» Work order
In the entries below, every line that contains "waarde" must be located and copied.

» Data for the task
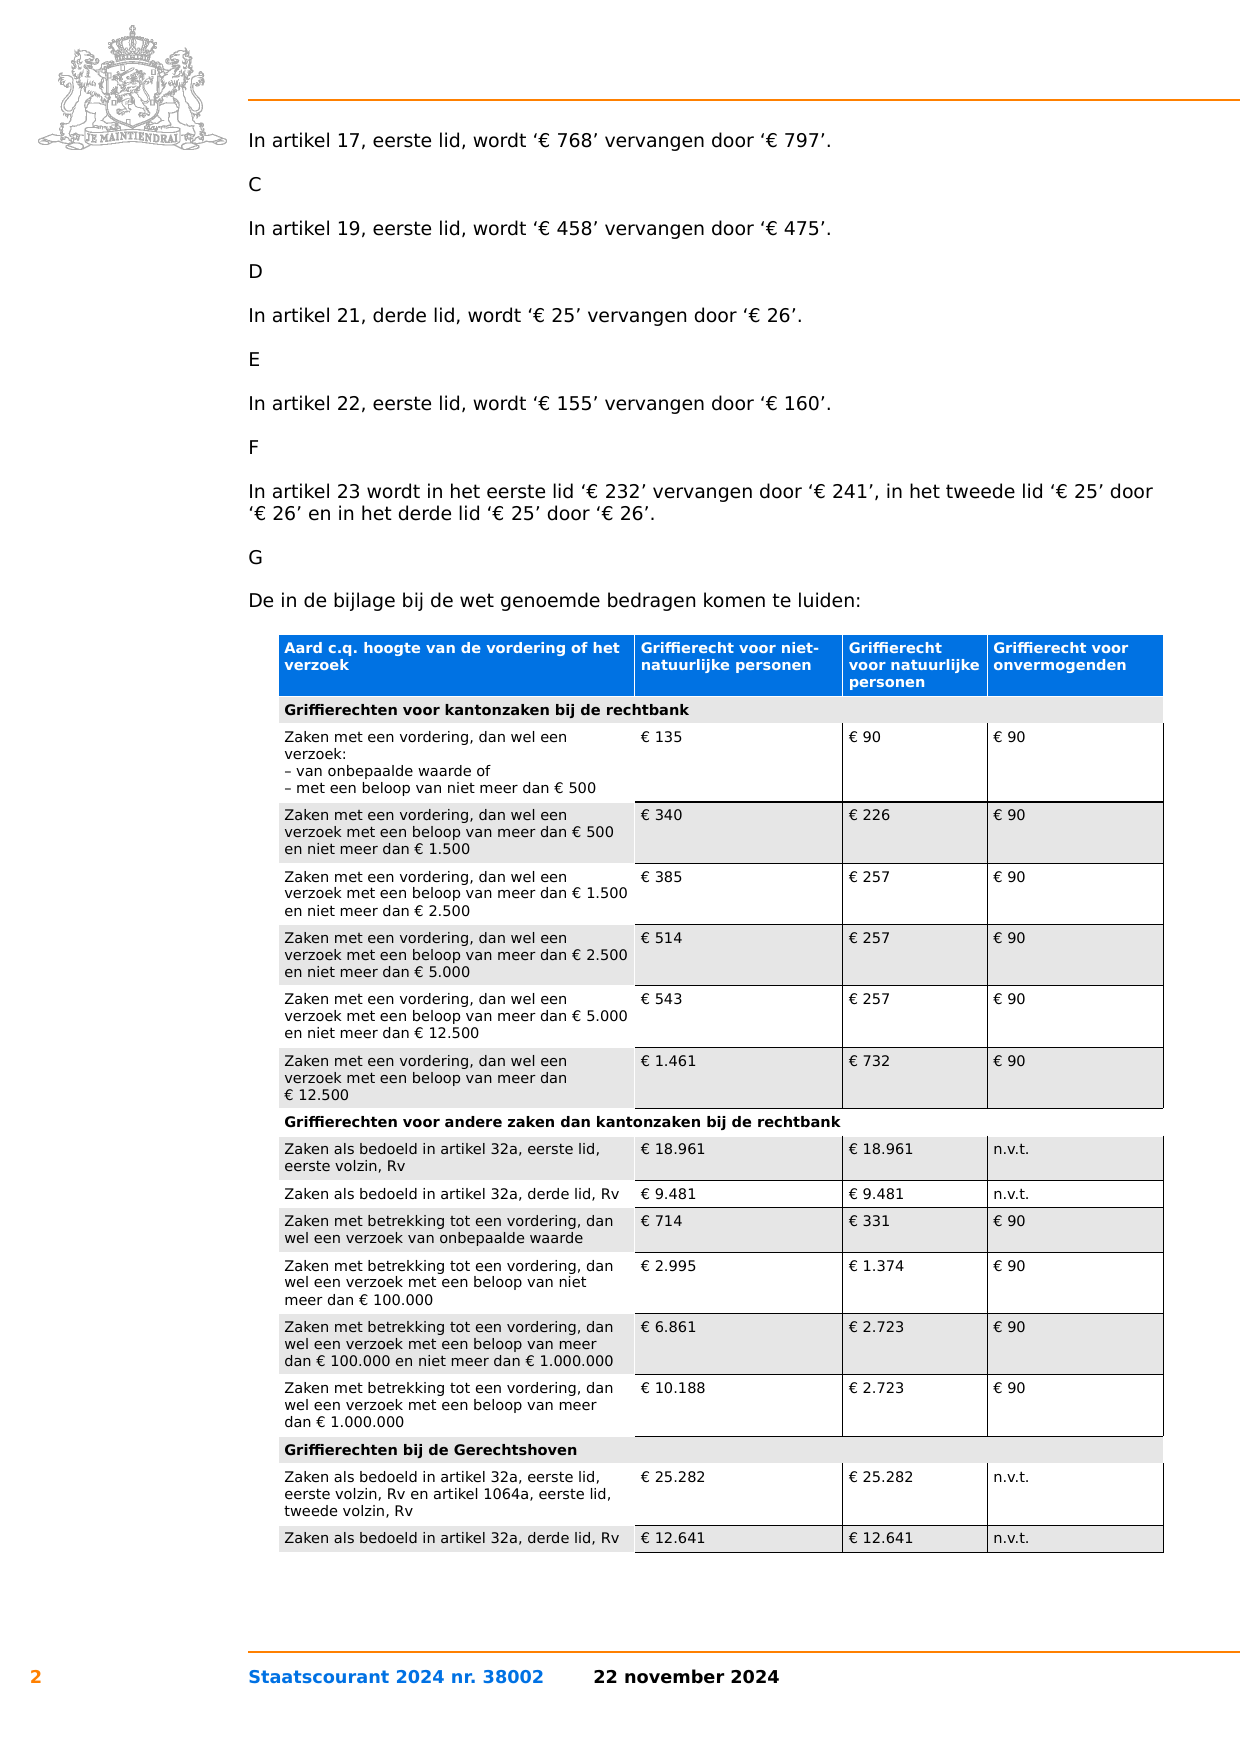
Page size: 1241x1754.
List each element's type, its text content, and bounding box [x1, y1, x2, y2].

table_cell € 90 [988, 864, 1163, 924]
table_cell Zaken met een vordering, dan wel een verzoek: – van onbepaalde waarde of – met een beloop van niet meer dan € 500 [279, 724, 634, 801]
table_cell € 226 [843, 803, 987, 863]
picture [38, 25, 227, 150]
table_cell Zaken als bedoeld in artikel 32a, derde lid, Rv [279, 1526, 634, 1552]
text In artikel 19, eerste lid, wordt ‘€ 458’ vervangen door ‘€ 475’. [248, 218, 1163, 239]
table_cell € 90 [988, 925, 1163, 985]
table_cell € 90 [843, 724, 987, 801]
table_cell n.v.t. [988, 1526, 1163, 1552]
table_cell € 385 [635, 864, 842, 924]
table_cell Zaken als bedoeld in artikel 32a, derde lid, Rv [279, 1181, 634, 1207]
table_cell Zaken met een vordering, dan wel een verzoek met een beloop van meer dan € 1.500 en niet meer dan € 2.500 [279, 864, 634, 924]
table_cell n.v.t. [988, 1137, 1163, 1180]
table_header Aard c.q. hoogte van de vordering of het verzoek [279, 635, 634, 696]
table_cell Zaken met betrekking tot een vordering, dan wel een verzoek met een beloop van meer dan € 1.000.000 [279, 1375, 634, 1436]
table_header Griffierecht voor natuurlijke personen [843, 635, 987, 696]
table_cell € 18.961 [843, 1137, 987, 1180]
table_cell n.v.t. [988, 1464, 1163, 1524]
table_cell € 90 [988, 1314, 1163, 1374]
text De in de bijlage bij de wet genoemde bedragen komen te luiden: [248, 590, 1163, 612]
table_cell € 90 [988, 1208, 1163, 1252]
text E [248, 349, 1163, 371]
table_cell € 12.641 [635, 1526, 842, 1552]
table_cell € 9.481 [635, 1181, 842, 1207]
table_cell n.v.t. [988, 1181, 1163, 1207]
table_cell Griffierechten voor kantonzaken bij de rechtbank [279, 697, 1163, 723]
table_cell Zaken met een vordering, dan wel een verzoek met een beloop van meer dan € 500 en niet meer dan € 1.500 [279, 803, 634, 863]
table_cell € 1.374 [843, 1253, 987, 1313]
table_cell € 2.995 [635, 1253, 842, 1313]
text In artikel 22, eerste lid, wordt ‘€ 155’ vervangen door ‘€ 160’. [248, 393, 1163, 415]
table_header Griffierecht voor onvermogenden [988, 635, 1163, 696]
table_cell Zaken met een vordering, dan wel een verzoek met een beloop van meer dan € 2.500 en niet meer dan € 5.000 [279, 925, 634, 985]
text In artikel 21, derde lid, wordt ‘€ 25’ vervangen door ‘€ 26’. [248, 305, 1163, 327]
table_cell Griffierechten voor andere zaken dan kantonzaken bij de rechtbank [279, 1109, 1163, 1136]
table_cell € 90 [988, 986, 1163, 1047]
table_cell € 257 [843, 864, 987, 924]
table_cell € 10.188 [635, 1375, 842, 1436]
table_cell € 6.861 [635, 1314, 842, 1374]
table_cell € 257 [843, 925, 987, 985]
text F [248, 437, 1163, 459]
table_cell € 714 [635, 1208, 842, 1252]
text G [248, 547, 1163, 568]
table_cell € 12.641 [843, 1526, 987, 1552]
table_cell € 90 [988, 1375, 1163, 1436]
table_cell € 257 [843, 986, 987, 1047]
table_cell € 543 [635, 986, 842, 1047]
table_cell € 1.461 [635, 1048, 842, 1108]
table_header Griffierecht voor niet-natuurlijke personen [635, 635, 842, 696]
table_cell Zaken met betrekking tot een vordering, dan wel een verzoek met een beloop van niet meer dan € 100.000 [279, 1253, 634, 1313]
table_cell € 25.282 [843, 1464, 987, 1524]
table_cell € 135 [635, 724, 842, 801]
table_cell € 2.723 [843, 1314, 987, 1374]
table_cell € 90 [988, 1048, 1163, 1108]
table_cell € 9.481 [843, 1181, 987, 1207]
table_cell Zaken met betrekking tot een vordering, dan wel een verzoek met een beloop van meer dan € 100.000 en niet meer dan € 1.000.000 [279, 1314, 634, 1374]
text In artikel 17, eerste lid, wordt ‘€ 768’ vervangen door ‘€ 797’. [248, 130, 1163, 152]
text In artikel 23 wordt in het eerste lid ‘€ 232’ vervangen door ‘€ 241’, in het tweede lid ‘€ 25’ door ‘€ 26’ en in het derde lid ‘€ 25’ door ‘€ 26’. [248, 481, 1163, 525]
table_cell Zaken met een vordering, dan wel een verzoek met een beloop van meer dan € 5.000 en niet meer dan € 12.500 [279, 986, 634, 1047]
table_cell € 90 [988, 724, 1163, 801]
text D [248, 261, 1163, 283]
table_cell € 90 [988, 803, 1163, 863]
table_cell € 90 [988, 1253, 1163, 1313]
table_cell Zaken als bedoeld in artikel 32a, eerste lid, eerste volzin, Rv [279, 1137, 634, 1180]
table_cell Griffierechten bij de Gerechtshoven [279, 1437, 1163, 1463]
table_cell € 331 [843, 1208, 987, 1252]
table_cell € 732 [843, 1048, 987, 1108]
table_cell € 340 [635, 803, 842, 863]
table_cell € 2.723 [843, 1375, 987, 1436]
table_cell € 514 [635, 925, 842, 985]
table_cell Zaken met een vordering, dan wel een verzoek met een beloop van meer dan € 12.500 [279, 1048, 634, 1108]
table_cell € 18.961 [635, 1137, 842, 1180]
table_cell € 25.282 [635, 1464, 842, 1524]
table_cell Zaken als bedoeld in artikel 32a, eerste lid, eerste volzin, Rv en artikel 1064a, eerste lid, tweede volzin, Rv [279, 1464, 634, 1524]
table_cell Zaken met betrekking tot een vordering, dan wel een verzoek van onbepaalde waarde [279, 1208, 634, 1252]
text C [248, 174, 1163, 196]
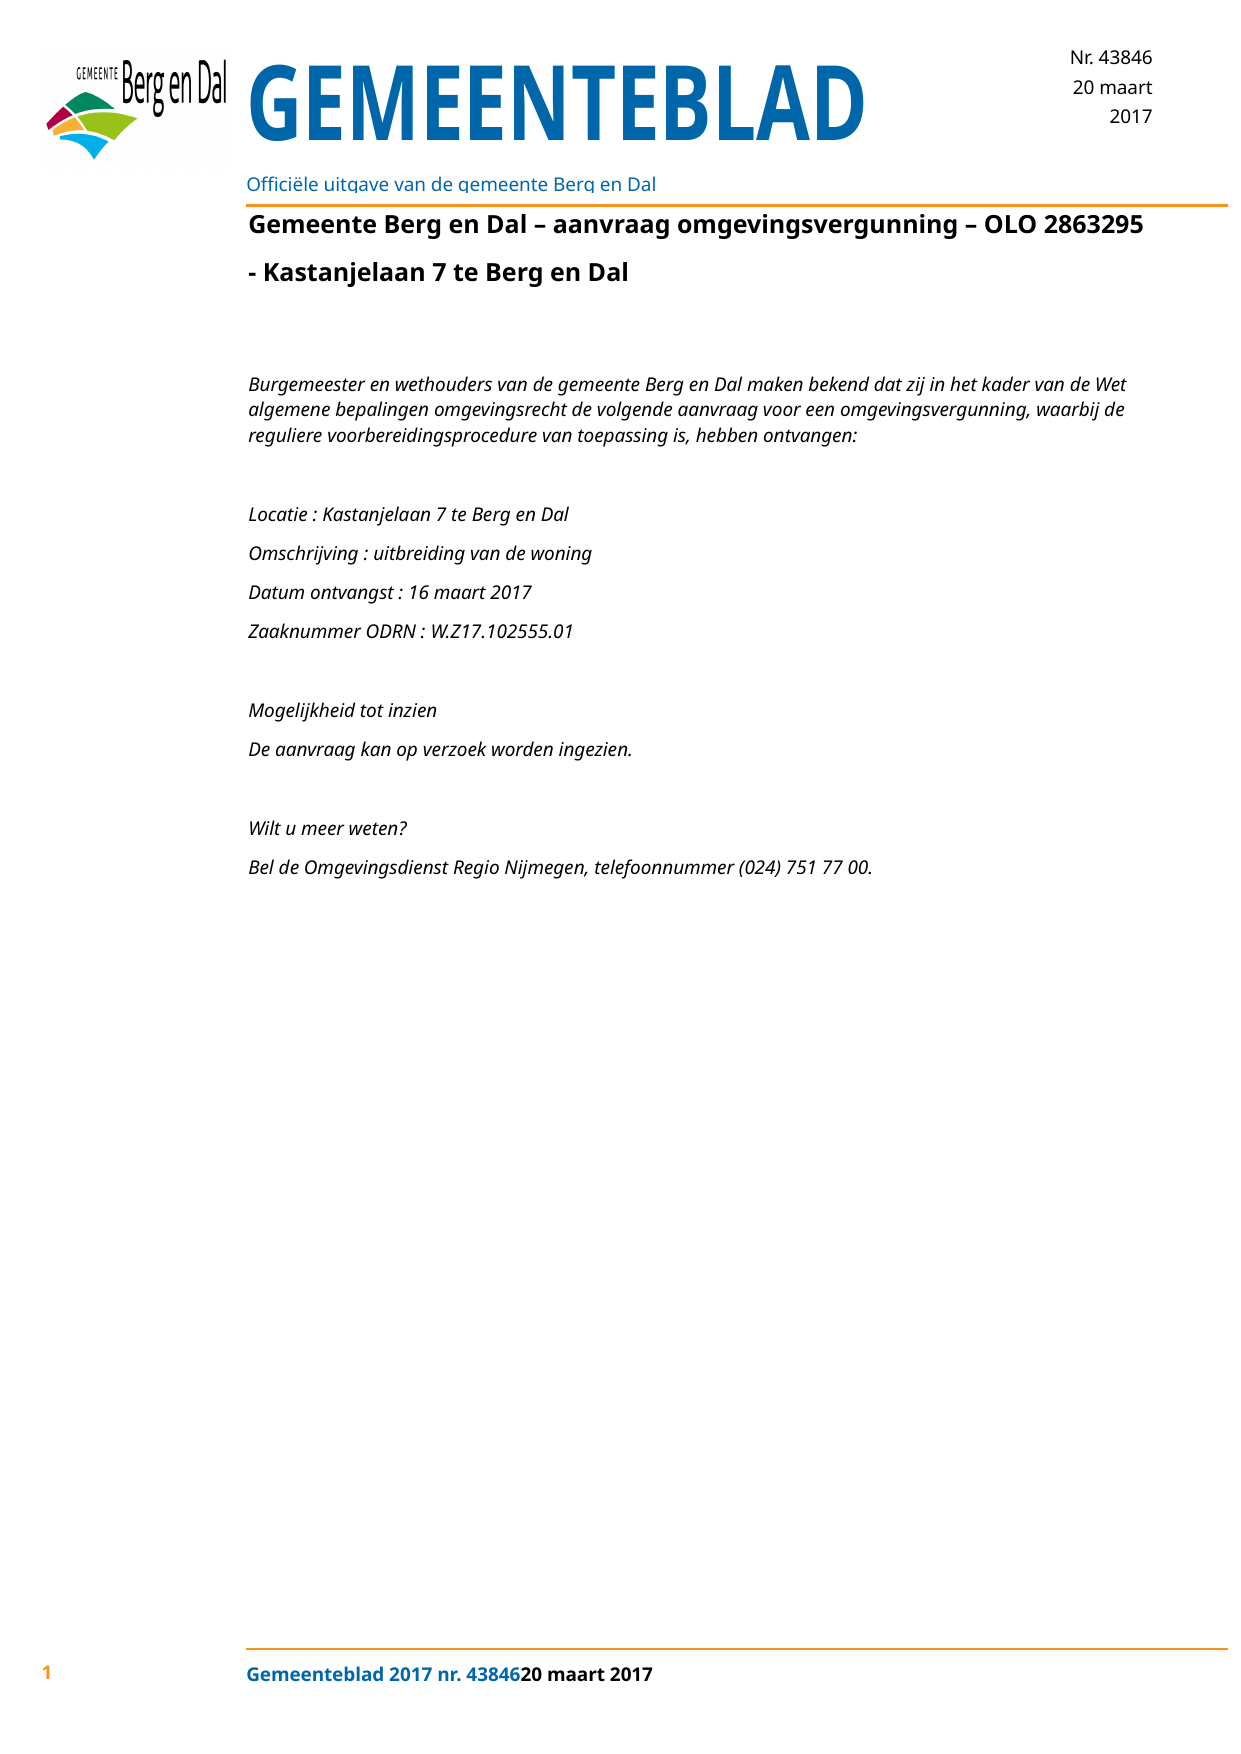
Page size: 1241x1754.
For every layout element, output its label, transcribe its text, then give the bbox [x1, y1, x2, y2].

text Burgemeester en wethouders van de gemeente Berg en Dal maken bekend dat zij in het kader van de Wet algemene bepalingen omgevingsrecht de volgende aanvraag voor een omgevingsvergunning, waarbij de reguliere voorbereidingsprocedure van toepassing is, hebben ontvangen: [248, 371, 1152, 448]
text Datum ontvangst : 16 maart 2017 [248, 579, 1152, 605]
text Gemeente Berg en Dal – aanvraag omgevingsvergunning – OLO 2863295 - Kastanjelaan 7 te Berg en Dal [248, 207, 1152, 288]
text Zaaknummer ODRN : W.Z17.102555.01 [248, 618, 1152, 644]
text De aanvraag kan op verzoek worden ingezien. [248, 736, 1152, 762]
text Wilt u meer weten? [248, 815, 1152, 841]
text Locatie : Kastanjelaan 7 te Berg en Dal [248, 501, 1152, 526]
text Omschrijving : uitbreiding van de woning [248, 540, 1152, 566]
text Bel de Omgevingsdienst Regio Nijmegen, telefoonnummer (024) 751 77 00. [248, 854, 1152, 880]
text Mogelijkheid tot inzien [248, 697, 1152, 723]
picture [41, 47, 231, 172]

» Answer for this exercise
table_cell Zaken met een vordering, dan wel een verzoek: – van onbepaalde waarde of – met een beloop van niet meer dan € 500 [279, 724, 634, 801]
table_cell Zaken met betrekking tot een vordering, dan wel een verzoek van onbepaalde waarde [279, 1208, 634, 1252]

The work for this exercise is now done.